- [Recorded information]
↓

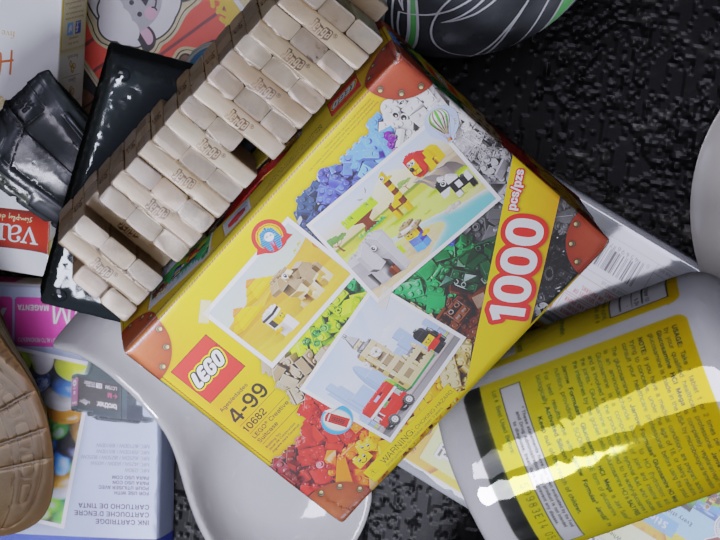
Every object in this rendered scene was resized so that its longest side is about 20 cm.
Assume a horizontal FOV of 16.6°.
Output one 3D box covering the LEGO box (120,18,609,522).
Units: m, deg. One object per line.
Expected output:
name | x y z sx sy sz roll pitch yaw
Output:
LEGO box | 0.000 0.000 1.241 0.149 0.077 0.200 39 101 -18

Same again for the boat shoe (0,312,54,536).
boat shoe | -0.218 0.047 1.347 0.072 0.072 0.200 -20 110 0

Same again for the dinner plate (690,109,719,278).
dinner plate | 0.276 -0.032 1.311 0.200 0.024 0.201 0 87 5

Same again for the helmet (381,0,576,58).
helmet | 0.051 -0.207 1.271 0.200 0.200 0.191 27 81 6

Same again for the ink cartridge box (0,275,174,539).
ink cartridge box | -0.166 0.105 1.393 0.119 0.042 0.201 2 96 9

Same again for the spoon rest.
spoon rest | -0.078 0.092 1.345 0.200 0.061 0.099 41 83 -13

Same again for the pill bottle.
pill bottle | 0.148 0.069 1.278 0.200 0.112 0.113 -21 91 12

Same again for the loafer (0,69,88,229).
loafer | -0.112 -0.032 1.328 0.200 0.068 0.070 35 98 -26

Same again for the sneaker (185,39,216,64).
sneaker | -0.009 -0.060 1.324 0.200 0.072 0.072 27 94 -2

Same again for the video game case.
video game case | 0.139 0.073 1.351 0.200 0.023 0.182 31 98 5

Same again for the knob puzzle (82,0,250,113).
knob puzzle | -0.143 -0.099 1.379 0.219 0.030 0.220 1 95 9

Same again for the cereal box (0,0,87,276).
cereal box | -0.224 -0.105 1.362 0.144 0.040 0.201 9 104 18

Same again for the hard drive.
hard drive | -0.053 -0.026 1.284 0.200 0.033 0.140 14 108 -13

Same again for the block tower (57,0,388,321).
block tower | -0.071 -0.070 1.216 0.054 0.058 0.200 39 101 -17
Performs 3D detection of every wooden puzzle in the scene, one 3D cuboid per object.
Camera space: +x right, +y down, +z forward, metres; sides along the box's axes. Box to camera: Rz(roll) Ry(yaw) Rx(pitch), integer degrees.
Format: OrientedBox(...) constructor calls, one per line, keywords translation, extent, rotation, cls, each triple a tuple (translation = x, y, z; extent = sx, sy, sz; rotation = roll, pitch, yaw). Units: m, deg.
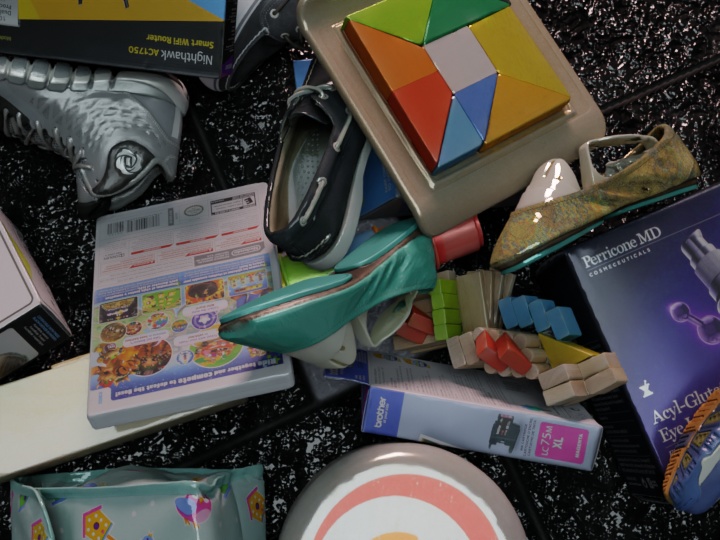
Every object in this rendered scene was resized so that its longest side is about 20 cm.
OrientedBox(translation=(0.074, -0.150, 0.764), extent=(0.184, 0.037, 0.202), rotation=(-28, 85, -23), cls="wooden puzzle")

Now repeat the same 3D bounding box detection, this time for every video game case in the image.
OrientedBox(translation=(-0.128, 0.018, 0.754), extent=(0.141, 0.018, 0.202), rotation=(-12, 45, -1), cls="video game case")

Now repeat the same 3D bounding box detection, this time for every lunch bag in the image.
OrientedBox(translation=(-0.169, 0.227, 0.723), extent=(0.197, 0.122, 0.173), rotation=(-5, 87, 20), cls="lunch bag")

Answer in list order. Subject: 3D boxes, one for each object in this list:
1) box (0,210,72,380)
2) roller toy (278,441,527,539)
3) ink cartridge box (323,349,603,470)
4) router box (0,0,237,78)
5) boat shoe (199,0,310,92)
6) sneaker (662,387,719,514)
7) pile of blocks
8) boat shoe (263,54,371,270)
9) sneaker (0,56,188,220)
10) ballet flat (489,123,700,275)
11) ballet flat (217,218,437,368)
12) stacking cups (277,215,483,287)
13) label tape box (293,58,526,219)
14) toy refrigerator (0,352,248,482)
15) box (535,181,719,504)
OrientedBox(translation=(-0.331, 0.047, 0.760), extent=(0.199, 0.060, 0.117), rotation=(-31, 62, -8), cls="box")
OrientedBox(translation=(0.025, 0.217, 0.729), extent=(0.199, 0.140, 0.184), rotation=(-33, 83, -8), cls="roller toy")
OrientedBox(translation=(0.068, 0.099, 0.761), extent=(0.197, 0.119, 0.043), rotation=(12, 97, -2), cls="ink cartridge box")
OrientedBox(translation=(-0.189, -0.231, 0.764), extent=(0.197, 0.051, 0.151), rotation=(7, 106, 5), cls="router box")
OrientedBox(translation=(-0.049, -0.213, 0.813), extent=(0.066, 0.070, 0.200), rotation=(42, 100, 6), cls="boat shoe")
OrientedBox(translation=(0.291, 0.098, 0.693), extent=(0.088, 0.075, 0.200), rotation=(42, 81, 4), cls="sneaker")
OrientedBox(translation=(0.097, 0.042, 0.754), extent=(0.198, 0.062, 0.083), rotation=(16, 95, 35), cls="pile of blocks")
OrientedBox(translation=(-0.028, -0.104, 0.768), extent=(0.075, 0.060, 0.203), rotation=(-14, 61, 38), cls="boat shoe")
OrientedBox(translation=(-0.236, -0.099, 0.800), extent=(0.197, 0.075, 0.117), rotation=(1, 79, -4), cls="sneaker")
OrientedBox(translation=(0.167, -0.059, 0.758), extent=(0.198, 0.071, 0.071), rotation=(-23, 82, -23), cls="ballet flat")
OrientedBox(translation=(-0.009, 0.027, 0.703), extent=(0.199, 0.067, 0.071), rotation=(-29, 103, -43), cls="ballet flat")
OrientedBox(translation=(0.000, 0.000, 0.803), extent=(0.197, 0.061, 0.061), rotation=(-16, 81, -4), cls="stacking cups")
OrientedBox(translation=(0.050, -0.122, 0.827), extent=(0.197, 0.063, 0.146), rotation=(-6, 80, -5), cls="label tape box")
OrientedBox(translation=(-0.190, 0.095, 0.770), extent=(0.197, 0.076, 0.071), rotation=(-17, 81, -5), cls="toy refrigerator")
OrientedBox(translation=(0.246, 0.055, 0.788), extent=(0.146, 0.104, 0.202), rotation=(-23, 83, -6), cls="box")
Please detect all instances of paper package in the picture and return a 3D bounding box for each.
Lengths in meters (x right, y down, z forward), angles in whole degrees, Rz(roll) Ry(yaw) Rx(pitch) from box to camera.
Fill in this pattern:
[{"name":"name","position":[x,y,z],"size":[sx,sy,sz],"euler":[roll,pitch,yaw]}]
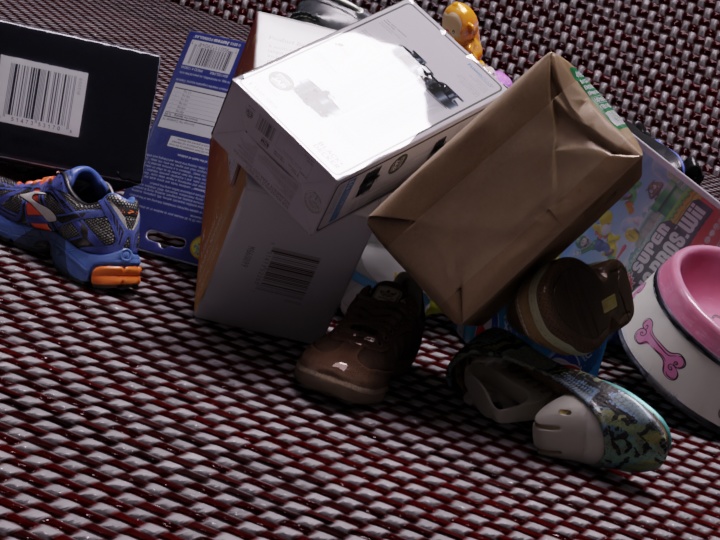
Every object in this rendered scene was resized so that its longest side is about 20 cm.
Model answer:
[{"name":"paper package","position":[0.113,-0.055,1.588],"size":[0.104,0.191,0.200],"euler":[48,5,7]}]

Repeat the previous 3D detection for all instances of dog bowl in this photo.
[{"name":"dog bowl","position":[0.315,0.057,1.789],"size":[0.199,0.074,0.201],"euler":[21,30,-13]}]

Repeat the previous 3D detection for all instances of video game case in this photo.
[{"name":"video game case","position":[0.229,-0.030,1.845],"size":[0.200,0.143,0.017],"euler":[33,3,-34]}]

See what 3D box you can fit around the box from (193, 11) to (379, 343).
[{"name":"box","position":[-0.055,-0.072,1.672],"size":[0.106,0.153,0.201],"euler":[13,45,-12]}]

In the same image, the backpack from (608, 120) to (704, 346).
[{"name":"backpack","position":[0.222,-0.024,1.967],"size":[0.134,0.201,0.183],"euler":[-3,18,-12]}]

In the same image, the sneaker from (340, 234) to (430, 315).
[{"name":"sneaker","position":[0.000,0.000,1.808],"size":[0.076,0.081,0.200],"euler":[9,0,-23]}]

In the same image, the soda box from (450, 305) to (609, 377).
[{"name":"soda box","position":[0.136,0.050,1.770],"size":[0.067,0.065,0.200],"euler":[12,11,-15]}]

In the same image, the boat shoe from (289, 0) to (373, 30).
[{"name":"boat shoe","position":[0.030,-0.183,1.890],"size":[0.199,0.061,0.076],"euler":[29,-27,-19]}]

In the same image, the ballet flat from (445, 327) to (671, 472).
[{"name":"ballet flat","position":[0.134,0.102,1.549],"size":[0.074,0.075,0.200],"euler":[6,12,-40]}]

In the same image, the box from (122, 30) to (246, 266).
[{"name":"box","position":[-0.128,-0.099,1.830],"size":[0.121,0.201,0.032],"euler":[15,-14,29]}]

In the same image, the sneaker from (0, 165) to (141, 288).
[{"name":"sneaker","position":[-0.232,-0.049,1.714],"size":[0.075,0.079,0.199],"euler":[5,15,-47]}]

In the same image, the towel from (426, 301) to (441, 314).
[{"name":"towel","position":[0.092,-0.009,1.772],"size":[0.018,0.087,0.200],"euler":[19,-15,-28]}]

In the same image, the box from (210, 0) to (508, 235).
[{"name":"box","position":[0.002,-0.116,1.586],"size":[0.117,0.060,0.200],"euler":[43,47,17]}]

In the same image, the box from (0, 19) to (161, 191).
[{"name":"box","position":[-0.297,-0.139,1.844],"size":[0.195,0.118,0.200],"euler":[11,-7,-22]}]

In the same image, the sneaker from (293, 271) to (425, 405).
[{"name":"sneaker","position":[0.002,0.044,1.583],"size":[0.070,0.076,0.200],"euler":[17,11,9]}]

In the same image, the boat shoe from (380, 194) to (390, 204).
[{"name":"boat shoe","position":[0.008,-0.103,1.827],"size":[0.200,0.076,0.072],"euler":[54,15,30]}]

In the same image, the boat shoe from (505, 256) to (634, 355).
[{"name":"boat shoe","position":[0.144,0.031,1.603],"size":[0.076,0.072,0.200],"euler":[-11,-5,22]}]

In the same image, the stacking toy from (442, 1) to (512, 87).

↑

- [What you are asked to do]
All lines above from the line with "case in the image." through the line with "2) roller toy (278,441,527,539)", both included, are to be set down exactly, with nothing else.

- [Written solution]
Now repeat the same 3D bounding box detection, this time for every video game case in the image.
OrientedBox(translation=(-0.128, 0.018, 0.754), extent=(0.141, 0.018, 0.202), rotation=(-12, 45, -1), cls="video game case")

Now repeat the same 3D bounding box detection, this time for every lunch bag in the image.
OrientedBox(translation=(-0.169, 0.227, 0.723), extent=(0.197, 0.122, 0.173), rotation=(-5, 87, 20), cls="lunch bag")

Answer in list order. Subject: 3D boxes, one for each object in this list:
1) box (0,210,72,380)
2) roller toy (278,441,527,539)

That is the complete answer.